Outra parte do livro que me deixou de rastos, leia-se prestes a cair da cadeira, foi o posfácio, no qual o editor relatava, de forma não muito extensa, o processo de trabalho com a «autora» até dar o livro por terminado. E dizia ele que não, que ao contrário do que se poderia esperar, ou do que muitos poderiam julgar, por má fé ou mera inveja, a senhora Etelvina tinha sido uma agradável surpresa! E que ela própria fora a primeira a assumir não ser escritora, pondo imensas reservas sempre que entregava um capítulo. A verdade é que tínhamos escritora, tínhamos mão! Mão? – pergunto eu. Mão!? Pois não reconheci eu logo à primeira leitura de um ou outro parágrafo que a única mão que ali estava nas entrelinhas era a do escritor-fantasma que trabalhava para a editora! Uma vergonha! Então a senhora tinha mão! Mão invisível, só se for. No caso concreto, a do José Salvador. Não sei se será o melhor momento, mas até acho que seja uma boa altura para dizer uma palavra de agrado a estes homens, a estes fantasmas da escrita. Uns tipos que até sabem o que fazem, que sabem escrever, que escrevem os livros aos quais os outros dão a cara e não se importam com isso, com que os outros ganhem fama e proveito enquanto eles se ficam com o magro salário do mês, longe das entrevistas, dos jornais, dos programas televisivos com a menina que se encosta às estantes num namoro literário de mau gosto. Coitado do Salvador! Um tipo curioso, sim, deixem-me também que vos diga, um companheiro de muitas noites. Um tanto ou quanto pálido, de feições esbranquiçadas, ar leitoso, por vezes meio assustador, mas pronto, creio que isso acaba por ser natural na sua profissão... Esquisito, agora que penso nisso, é ele só trabalhar à noite. Pois é, é curioso, não me lembro de alguma vez o ter visto por cá de dia...
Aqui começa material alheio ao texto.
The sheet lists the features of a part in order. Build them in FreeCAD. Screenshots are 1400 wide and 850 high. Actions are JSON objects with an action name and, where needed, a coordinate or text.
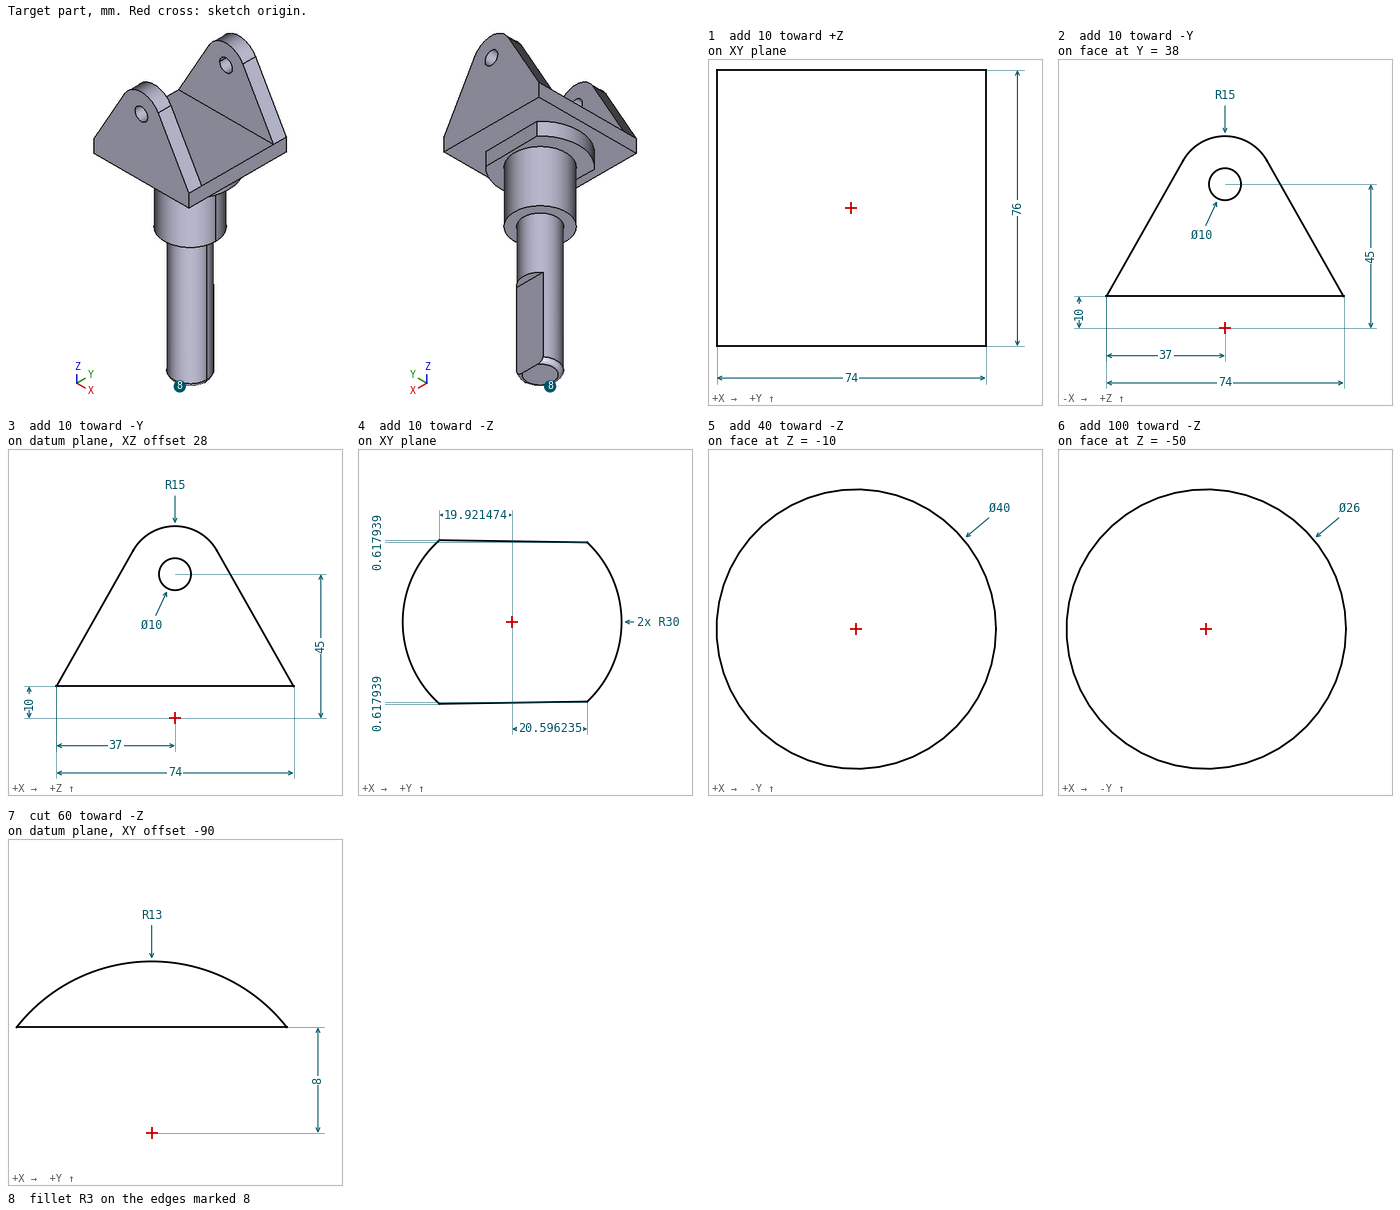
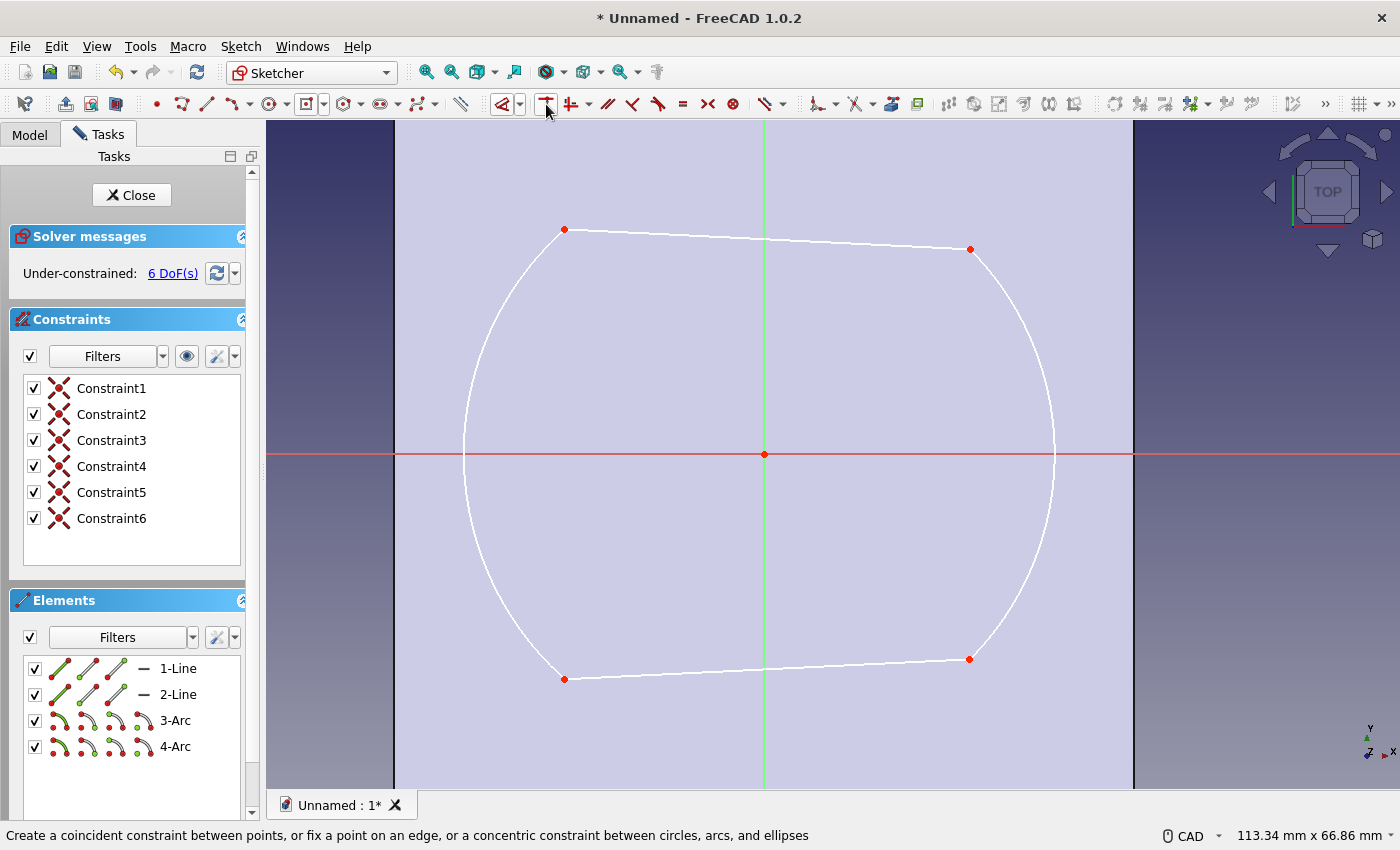
{"action": "left_click", "coordinate": [1041, 544]}

Mas pronto, era o que vos dizia, «uma agradável surpresa» e que «tínhamos mão». Esta última arrasou-me, devo confessar. Um homem como eu já viveu muito para saber que durante a vida tem de se saber engolir muitos sapos, agora há sapos e sapos, e este nem uma coisa nem outra, este era um sapão de todo o tamanho, um sapo que não havia estômago que aguentasse. Rocinante, disse para o meu velho companheiro de estrada, creio que, uma vez mais, é chegada a hora de mudar de caminho, de trilhar novos rumos que estes em que nos plantamos em nada nos merecem já. Pelo contrário, desmerecem-nos! Desmerecem-nos!